Medical Care in Federal Prison. What You Are Entitled To
Quick Answer
Every person in federal custody has a constitutional right to medical care under the Eighth Amendment. The Bureau of Prisons must provide medically necessary treatment including primary care, emergency services, chronic disease management, mental health services and specialty referrals. Copays are capped at $2 and cannot be used to deny emergency or mental health care. When care is denied, the BOP administrative remedy process (BP-8 through BP-11) must be exhausted before legal action can be pursued.

Your Constitutional Right to Medical Care

People in federal custody do not lose the right to medical care. The Eighth Amendment to the U.S. Constitution prohibits cruel and unusual punishment. Federal courts have consistently held that deliberate indifference to serious medical needs violates that standard.
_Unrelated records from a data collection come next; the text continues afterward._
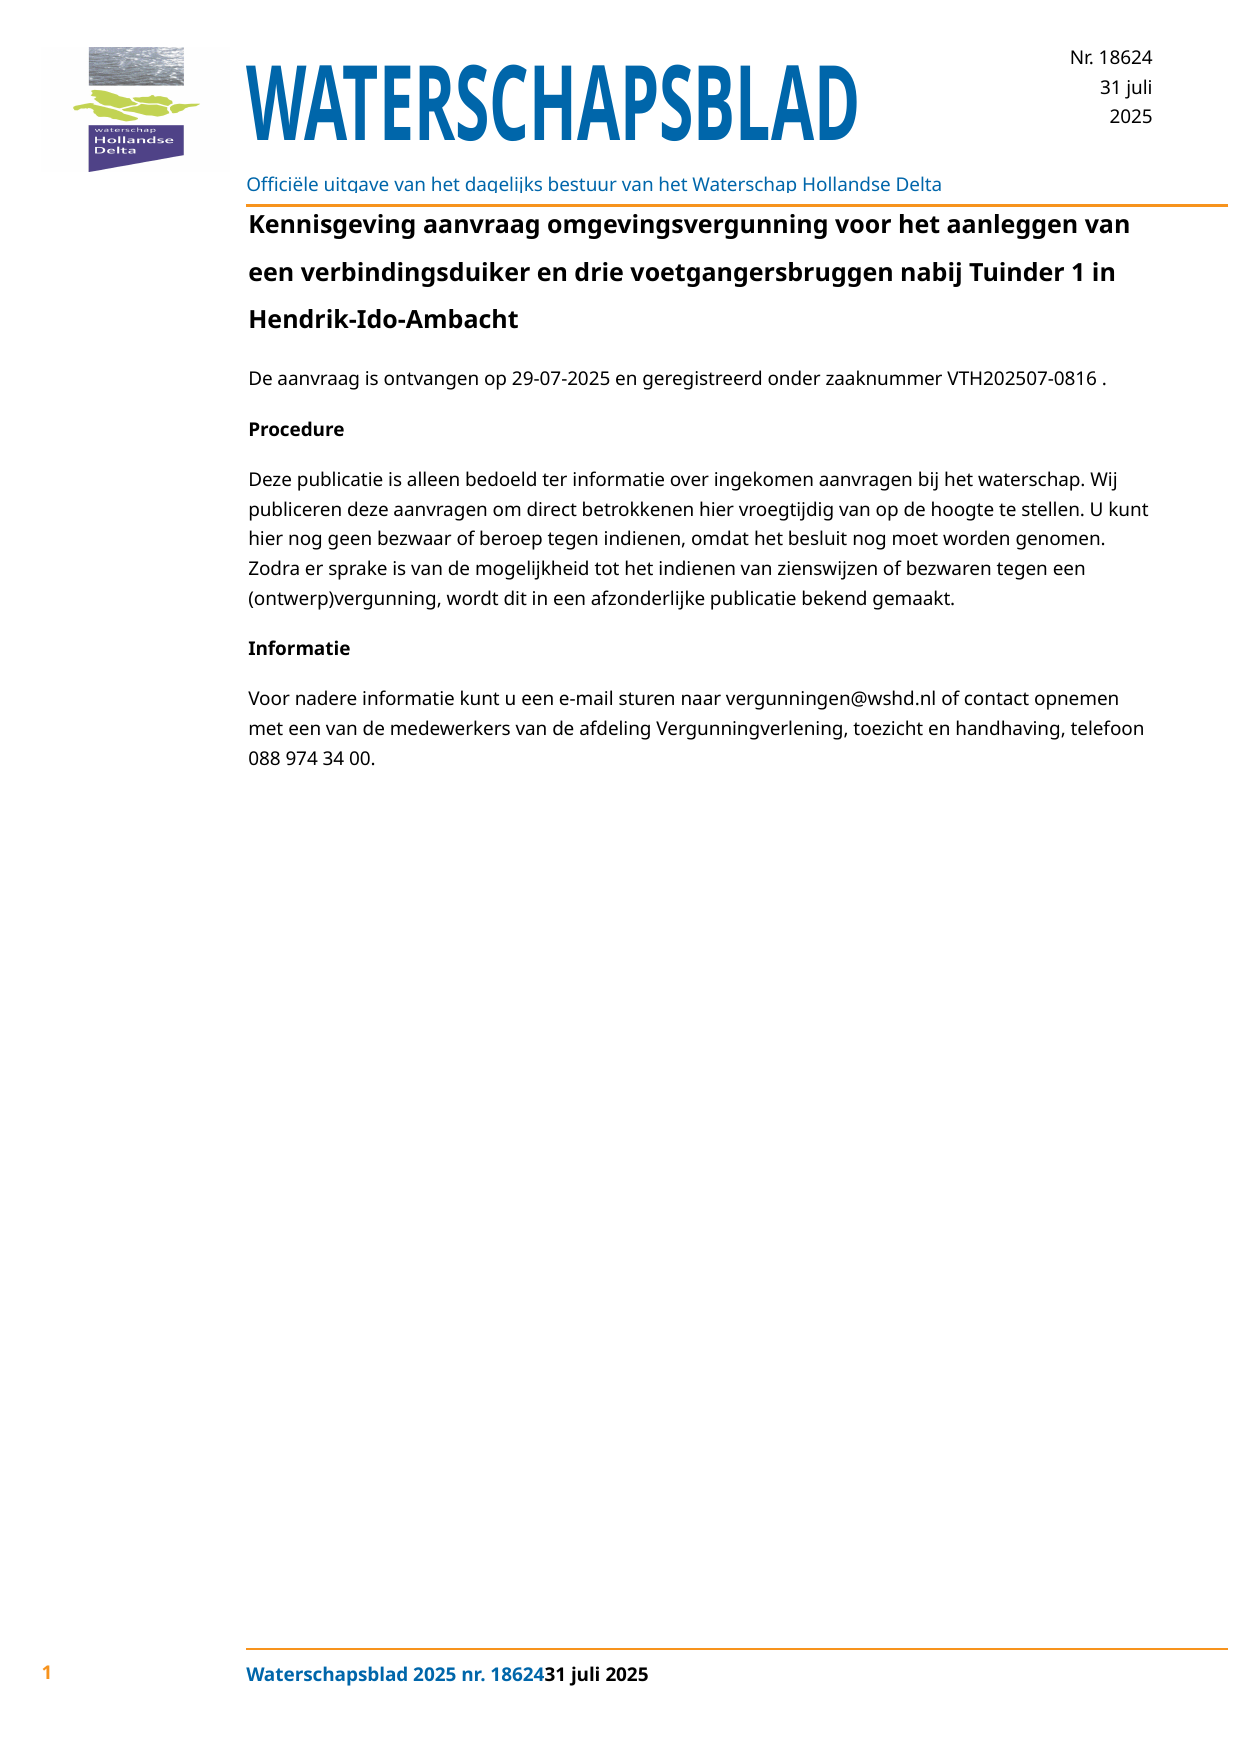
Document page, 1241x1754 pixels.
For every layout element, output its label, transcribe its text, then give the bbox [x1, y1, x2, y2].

text Voor nadere informatie kunt u een e-mail sturen naar vergunningen@wshd.nl of contact opnemen met een van de medewerkers van de afdeling Vergunningverlening, toezicht en handhaving, telefoon 088 974 34 00. [248, 686, 1152, 770]
text Procedure [248, 416, 1152, 442]
text Deze publicatie is alleen bedoeld ter informatie over ingekomen aanvragen bij het waterschap. Wij publiceren deze aanvragen om direct betrokkenen hier vroegtijdig van op de hoogte te stellen. U kunt hier nog geen bezwaar of beroep tegen indienen, omdat het besluit nog moet worden genomen. Zodra er sprake is van de mogelijkheid tot het indienen van zienswijzen of bezwaren tegen een (ontwerp)vergunning, wordt dit in een afzonderlijke publicatie bekend gemaakt. [248, 466, 1152, 610]
text Informatie [248, 635, 1152, 661]
text De aanvraag is ontvangen op 29-07-2025 en geregistreerd onder zaaknummer VTH202507-0816 . [248, 366, 1152, 391]
text Kennisgeving aanvraag omgevingsvergunning voor het aanleggen van een verbindingsduiker en drie voetgangersbruggen nabij Tuinder 1 in Hendrik-Ido-Ambacht [248, 207, 1152, 336]
picture [41, 47, 231, 172]
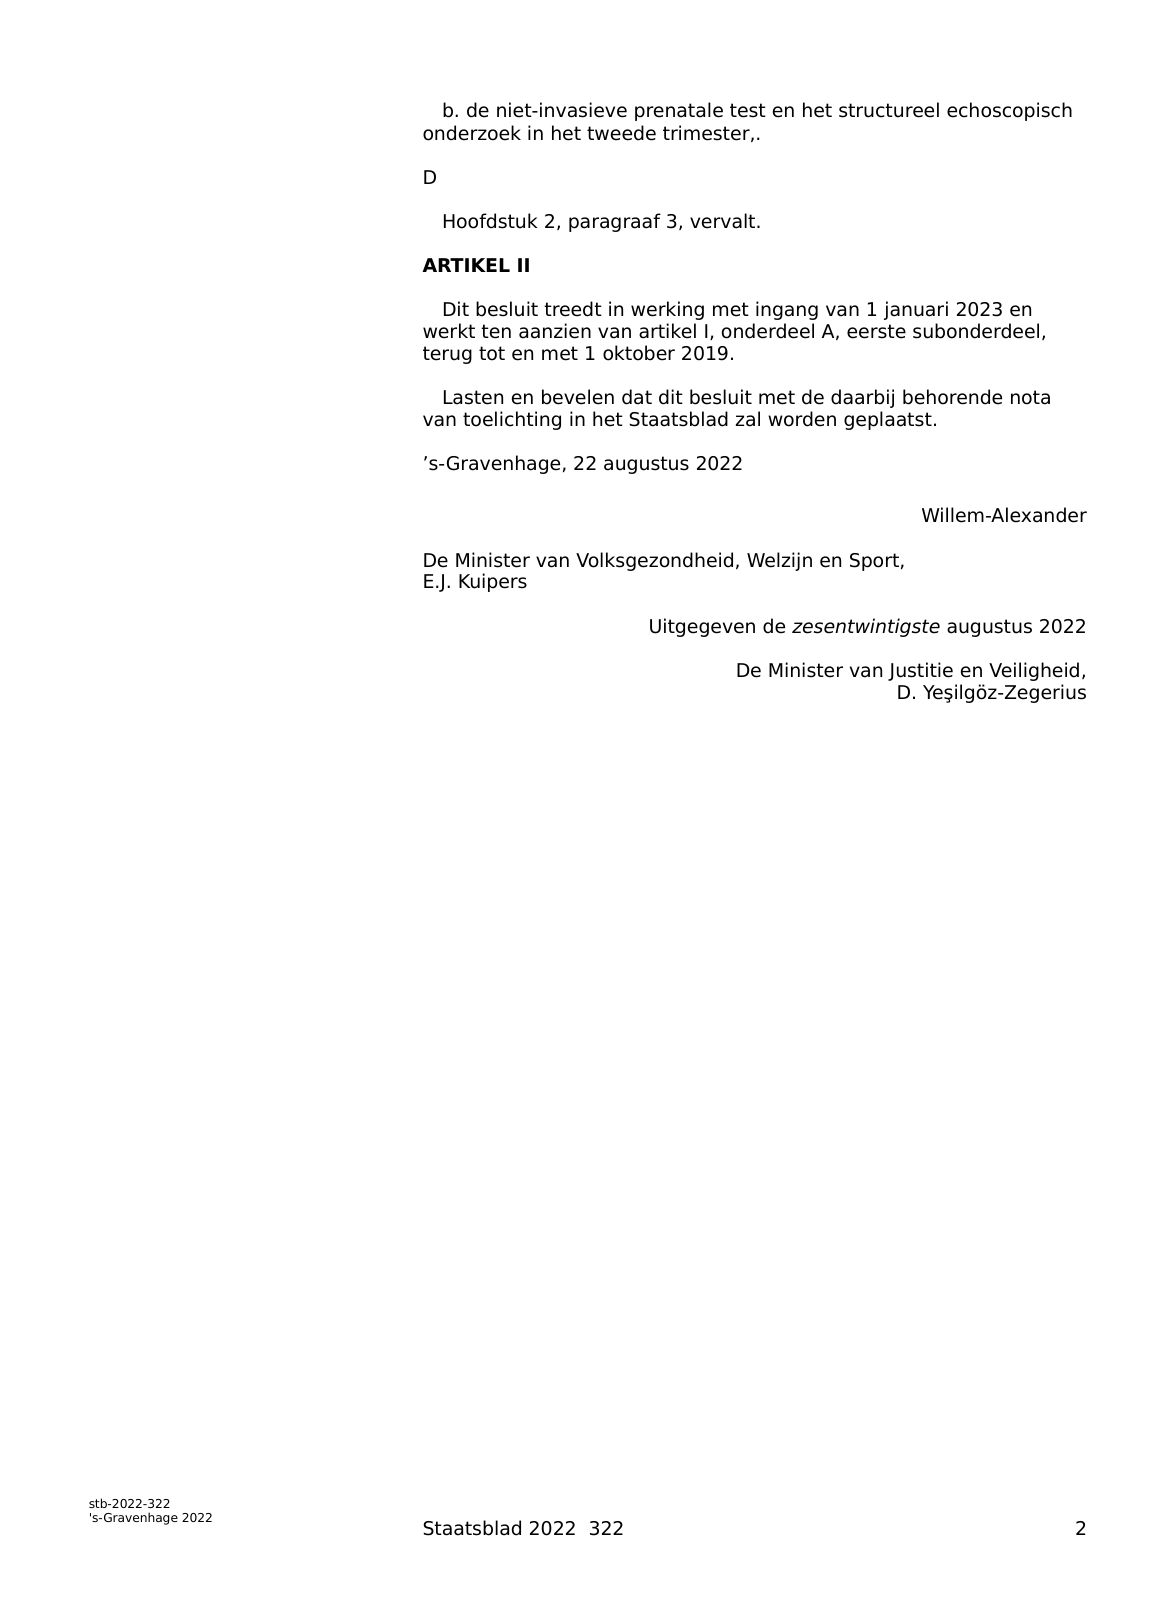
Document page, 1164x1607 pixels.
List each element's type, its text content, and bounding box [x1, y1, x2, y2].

text Uitgegeven de zesentwintigste augustus 2022 [422, 616, 1087, 638]
text D [422, 167, 1087, 188]
text Lasten en bevelen dat dit besluit met de daarbij behorende nota van toelichting in het Staatsblad zal worden geplaatst. [422, 387, 1087, 431]
subtitle ARTIKEL II [422, 255, 1087, 277]
text 's-Gravenhage 2022 [88, 1511, 323, 1525]
text ’s-Gravenhage, 22 augustus 2022 [422, 453, 1087, 475]
text De Minister van Volksgezondheid, Welzijn en Sport, E.J. Kuipers [422, 549, 1087, 593]
text b. de niet-invasieve prenatale test en het structureel echoscopisch onderzoek in het tweede trimester,. [422, 100, 1087, 144]
text Hoofdstuk 2, paragraaf 3, vervalt. [422, 211, 1087, 233]
text Willem-Alexander [422, 505, 1087, 527]
text stb-2022-322 [88, 1497, 323, 1511]
text Dit besluit treedt in werking met ingang van 1 januari 2023 en werkt ten aanzien van artikel I, onderdeel A, eerste subonderdeel, terug tot en met 1 oktober 2019. [422, 299, 1087, 365]
text De Minister van Justitie en Veiligheid, D. Yeşilgöz-Zegerius [422, 660, 1087, 704]

This matters in practical terms. The Bureau of Prisons (BOP) is legally required to provide care. It is not optional. It is not a privilege tied to good behavior. Every person held in a federal facility is entitled to treatment for conditions that are serious, painful or life-threatening.

That said, there is a significant gap between what the law requires and what families report actually happening. Navigating BOP medical care takes persistence, documentation and knowledge of the system. This guide walks through exactly what federal prison medical care covers and what to do when the system falls short.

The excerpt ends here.